My post-dose fever seems to have resolved, but my onc wants to see me on Tuesday for an extra check-up and has referred me for lung function tests as she feels we need to rule out pneumonitis. The trials nurse who called told me that even if I do have pneumonitis, I wouldn't have to leave the trial, as Novartis has given them a special protocol for this... Not sure how comfortable I'd feel with that, especially after having read some of the experiences others on these boards have had with pneumonitis. So I'm a little surprised that there's no mention of respiratory problems in the causes of death in the above. And if only around 25% of deaths are accounted for in the causes mentioned, what caused the other 75%?

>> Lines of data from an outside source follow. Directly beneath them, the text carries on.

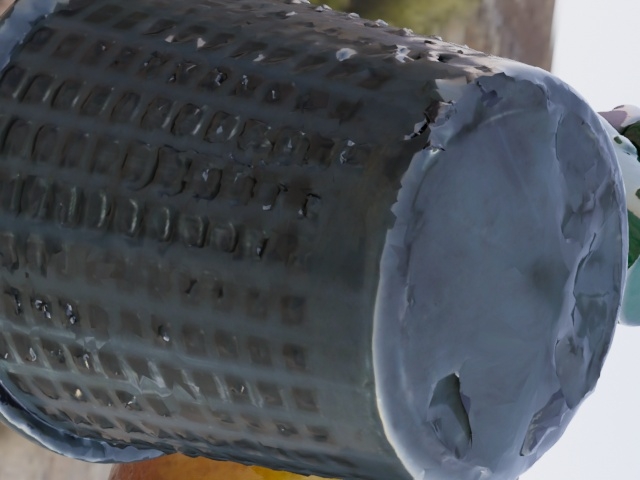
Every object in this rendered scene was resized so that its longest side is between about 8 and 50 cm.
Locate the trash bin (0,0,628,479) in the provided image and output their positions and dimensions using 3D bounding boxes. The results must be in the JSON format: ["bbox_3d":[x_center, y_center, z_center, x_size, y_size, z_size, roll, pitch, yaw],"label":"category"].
[{"bbox_3d":[0.000,0.000,0.498,0.175,0.161,0.175,-14,109,-46],"label":"trash bin"}]

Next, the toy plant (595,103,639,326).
[{"bbox_3d":[0.124,-0.035,1.009,0.232,0.243,0.112,-47,147,-51],"label":"toy plant"}]

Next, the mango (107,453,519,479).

Thanks for your input, Leah. Your theory about tolerating this tx better if you've had fewer previous chemos is an interesting one; I've gone through Xeloda, Taxol, Aromasin & now added in the Afinitor in the last 16 months and have been in tx continuously for the last 10 years, since initial dx, so you may be onto something! My body's just screaming out for the break we can't give it yet!!
Linda, Keep on keeping on! Nice to have a break from the scanxiety for a while!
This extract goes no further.